Comparison of a Spectral Bin and Two Multi-Moment Bulk Microphysics Schemes for Supercell Simulation: Investigation into Key Processes Responsible for Hydrometeor Distributions and Precipitation

There are more uncertainties with ice hydrometeor representations and related processes than liquid hydrometeors within microphysics parameterization (MP) schemes because of their complicated geometries and physical properties. Idealized supercell simulations are produced using the WRF model coupled with “full” Hebrew University spectral bin MP (HU-SBM), and NSSL and Thompson bulk MP (BMP) schemes. HU-SBM downdrafts are typically weaker than those of the NSSL and Thompson simulations, accompanied by less rain evaporation. HU-SBM produces more cloud ice (plates), graupel, and hail than the BMPs, yet precipitates less at the surface. The limiting mass bins (and subsequently, particle size) of rimed ice in HU-SBM and slower rimed ice fall speeds lead to smaller melting-level net rimed ice fluxes than those of the BMPs. Aggregation from plates in HU-SBM, together with snow–graupel collisions, leads to a greater snow contribution to rain than those of the BMPs.
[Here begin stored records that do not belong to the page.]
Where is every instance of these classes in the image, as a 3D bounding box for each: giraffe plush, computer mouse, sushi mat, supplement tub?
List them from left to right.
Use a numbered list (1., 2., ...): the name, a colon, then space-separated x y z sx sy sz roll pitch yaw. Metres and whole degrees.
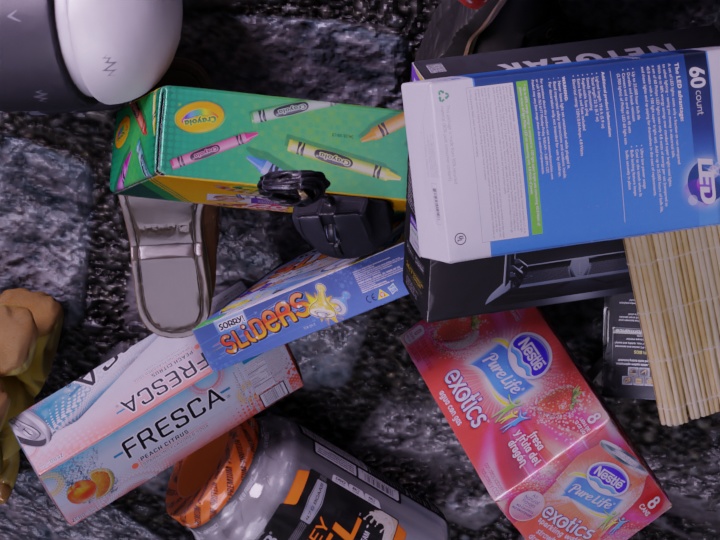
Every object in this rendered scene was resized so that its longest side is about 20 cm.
1. giraffe plush: -0.320 0.076 1.835 0.162 0.173 0.200 20 173 5
2. supplement tub: -0.041 0.191 1.896 0.200 0.123 0.122 31 135 -21
3. computer mouse: -0.021 -0.032 1.503 0.058 0.034 0.200 2 174 15
4. sushi mat: 0.219 0.018 1.551 0.095 0.012 0.200 -14 129 3

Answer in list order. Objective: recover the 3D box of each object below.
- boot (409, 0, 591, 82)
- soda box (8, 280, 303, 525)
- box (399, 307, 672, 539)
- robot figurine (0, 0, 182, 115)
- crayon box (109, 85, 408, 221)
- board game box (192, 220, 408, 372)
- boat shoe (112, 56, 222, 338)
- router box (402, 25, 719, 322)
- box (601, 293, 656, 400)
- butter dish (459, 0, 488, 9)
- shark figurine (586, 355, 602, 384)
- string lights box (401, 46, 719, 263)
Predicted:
1. boot: 0.123 -0.150 1.531 0.138 0.078 0.200 15 152 -10
2. soda box: -0.145 0.094 1.779 0.200 0.068 0.064 -31 134 -8
3. box: 0.117 0.101 1.692 0.095 0.200 0.103 -35 126 4
4. robot figurine: -0.209 -0.161 1.548 0.199 0.125 0.150 -2 -179 15
5. crayon box: -0.047 -0.072 1.578 0.199 0.058 0.119 5 174 -19
6. board game box: 0.000 0.000 1.669 0.200 0.135 0.035 -23 98 31
7. boat shoe: -0.128 -0.057 1.680 0.072 0.068 0.201 6 116 0
8. router box: 0.128 -0.059 1.518 0.199 0.052 0.158 -8 124 -16
9. box: 0.259 0.007 1.624 0.199 0.044 0.161 2 103 10
10. butter dish: 0.008 -0.267 1.350 0.148 0.200 0.200 -2 140 40
11. shark figurine: 0.245 0.073 1.732 0.214 0.090 0.128 2 136 8
12. string lights box: 0.131 -0.068 1.427 0.199 0.103 0.059 -7 -174 -16
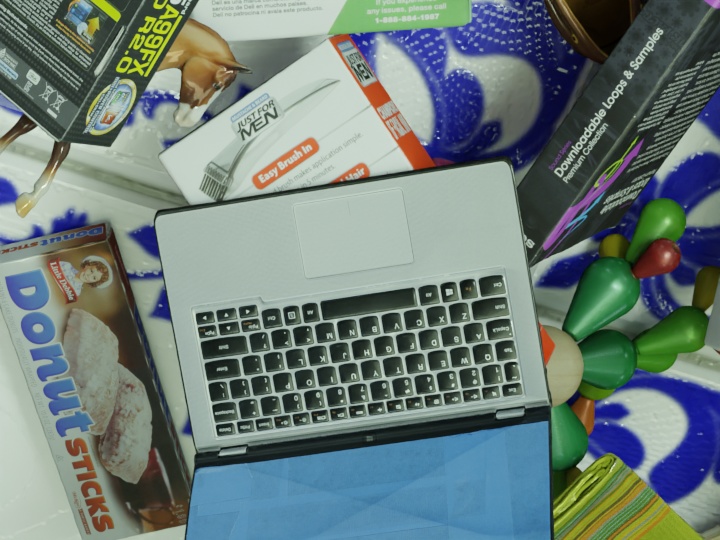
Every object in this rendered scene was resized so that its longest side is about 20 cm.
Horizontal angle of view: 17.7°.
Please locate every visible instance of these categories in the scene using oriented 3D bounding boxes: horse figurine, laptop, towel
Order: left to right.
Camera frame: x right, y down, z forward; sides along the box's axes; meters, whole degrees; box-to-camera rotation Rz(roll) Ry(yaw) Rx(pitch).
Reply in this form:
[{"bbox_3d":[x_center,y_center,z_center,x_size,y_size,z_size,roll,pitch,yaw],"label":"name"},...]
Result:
[{"bbox_3d":[-0.168,-0.114,1.159,0.133,0.200,0.050,-48,154,-5],"label":"horse figurine"},{"bbox_3d":[-0.008,0.063,1.117,0.186,0.116,0.201,-8,97,11],"label":"laptop"},{"bbox_3d":[0.161,0.177,1.332,0.086,0.018,0.200,-44,135,4],"label":"towel"}]

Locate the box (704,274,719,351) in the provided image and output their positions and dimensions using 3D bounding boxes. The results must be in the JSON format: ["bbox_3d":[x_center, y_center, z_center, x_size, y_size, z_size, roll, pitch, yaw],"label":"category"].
[{"bbox_3d":[0.262,-0.041,1.208,0.097,0.124,0.201,11,94,-9],"label":"box"}]

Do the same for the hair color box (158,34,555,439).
[{"bbox_3d":[0.000,-0.009,1.196,0.111,0.064,0.201,-33,93,14],"label":"hair color box"}]

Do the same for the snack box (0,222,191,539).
[{"bbox_3d":[-0.152,0.068,1.335,0.071,0.024,0.201,-12,120,4],"label":"snack box"}]

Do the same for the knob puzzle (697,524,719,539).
[{"bbox_3d":[0.212,0.239,1.438,0.218,0.030,0.221,-10,115,-23],"label":"knob puzzle"}]

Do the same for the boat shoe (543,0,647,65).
[{"bbox_3d":[0.106,-0.195,1.181,0.072,0.068,0.201,-20,119,7],"label":"boat shoe"}]

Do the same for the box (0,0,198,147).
[{"bbox_3d":[-0.157,-0.179,1.100,0.200,0.044,0.161,39,105,23],"label":"box"}]

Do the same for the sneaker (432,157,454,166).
[{"bbox_3d":[0.000,0.000,1.283,0.199,0.082,0.089,-10,122,11],"label":"sneaker"}]

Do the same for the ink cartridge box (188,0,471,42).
[{"bbox_3d":[-0.021,-0.223,1.145,0.144,0.084,0.201,-4,121,-2],"label":"ink cartridge box"}]

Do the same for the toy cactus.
[{"bbox_3d":[0.128,0.059,1.288,0.164,0.102,0.201,-2,125,-47],"label":"toy cactus"}]

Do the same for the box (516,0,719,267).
[{"bbox_3d":[0.154,-0.096,1.205,0.036,0.143,0.200,39,113,14],"label":"box"}]
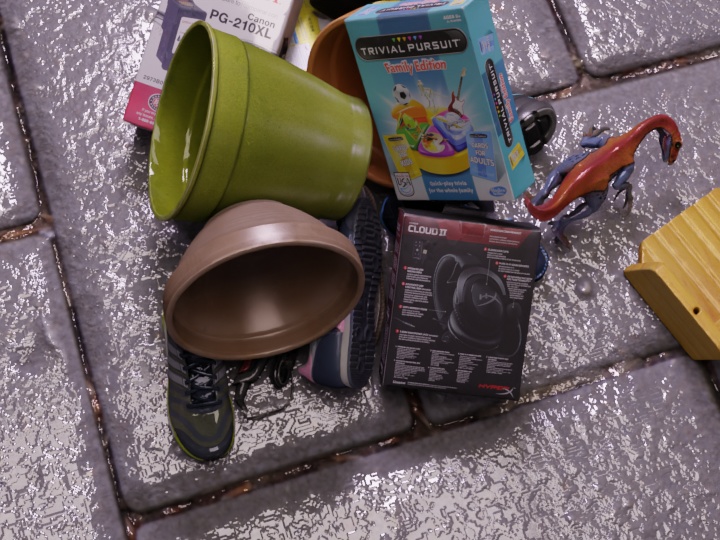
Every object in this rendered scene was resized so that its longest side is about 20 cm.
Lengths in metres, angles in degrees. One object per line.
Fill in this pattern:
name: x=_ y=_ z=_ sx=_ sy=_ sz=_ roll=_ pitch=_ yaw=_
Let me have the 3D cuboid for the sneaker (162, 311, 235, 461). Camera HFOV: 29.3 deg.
sneaker: x=-0.172 y=0.098 z=1.427 sx=0.073 sy=0.081 sz=0.203 roll=-10 pitch=69 yaw=-10

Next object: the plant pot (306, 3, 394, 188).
plant pot: x=0.058 y=-0.210 z=1.509 sx=0.200 sy=0.201 sz=0.140 roll=40 pitch=48 yaw=11

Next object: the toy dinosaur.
toy dinosaur: x=0.280 y=-0.106 z=1.533 sx=0.181 sy=0.200 sz=0.105 roll=-40 pitch=92 yaw=12

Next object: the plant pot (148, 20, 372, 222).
plant pot: x=-0.096 y=-0.132 z=1.406 sx=0.190 sy=0.200 sz=0.203 roll=11 pitch=65 yaw=-23

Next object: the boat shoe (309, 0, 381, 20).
boat shoe: x=0.012 y=-0.340 z=1.521 sx=0.075 sy=0.199 sz=0.075 roll=30 pitch=68 yaw=-29

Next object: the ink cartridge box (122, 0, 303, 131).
ink cartridge box: x=-0.161 y=-0.237 z=1.526 sx=0.143 sy=0.084 sz=0.203 roll=18 pitch=91 yaw=1

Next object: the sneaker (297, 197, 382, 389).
sneaker: x=-0.027 y=0.022 z=1.447 sx=0.081 sy=0.070 sz=0.203 roll=-1 pitch=76 yaw=29

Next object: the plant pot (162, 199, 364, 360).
plant pot: x=-0.102 y=-0.004 z=1.352 sx=0.198 sy=0.202 sz=0.094 roll=-12 pitch=58 yaw=-11

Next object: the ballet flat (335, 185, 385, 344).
ballet flat: x=0.000 y=0.000 z=1.508 sx=0.067 sy=0.046 sz=0.203 roll=-13 pitch=68 yaw=24

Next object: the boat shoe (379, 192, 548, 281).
boat shoe: x=0.117 y=-0.031 z=1.509 sx=0.197 sy=0.069 sz=0.085 roll=15 pitch=75 yaw=-11

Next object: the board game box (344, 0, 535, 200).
board game box: x=0.079 y=-0.170 z=1.378 sx=0.047 sy=0.150 sz=0.202 roll=-40 pitch=121 yaw=-41

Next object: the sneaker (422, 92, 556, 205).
sneaker: x=0.129 y=-0.136 z=1.576 sx=0.199 sy=0.076 sz=0.079 roll=-32 pitch=45 yaw=-11

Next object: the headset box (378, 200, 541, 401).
headset box: x=0.104 y=0.024 z=1.445 sx=0.146 sy=0.077 sz=0.203 roll=6 pitch=97 yaw=-4

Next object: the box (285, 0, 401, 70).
box: x=-0.021 y=-0.285 z=1.622 sx=0.197 sy=0.048 sz=0.119 roll=-14 pitch=70 yaw=-9

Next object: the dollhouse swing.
dollhouse swing: x=0.428 y=-0.023 z=1.495 sx=0.199 sy=0.176 sz=0.183 roll=-33 pitch=75 yaw=-17

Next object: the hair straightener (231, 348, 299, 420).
hair straightener: x=-0.080 y=0.070 z=1.471 sx=0.076 sy=0.041 sz=0.202 roll=18 pitch=67 yaw=1

Replacing HU-SBM’s fall speeds using the formulations of the BMPs after aggregating the discrete bin values to mass mixing ratios and total number concentrations increases net rain and rimed ice fluxes. Still, they are smaller in magnitude than bulk rain, NSSL hail, and Thompson graupel net fluxes near the surface. Conversely, the melting-layer net rimed ice fluxes are reduced when the fall speeds for the NSSL and Thompson simulations are calculated using HU-SBM fall speed formulations after discretizing the bulk particle size distributions (PSDs) into spectral bins. The results highlight precipitation sensitivity to storm dynamics, fall speed, hydrometeor evolution governed by process rates, and MP PSD design.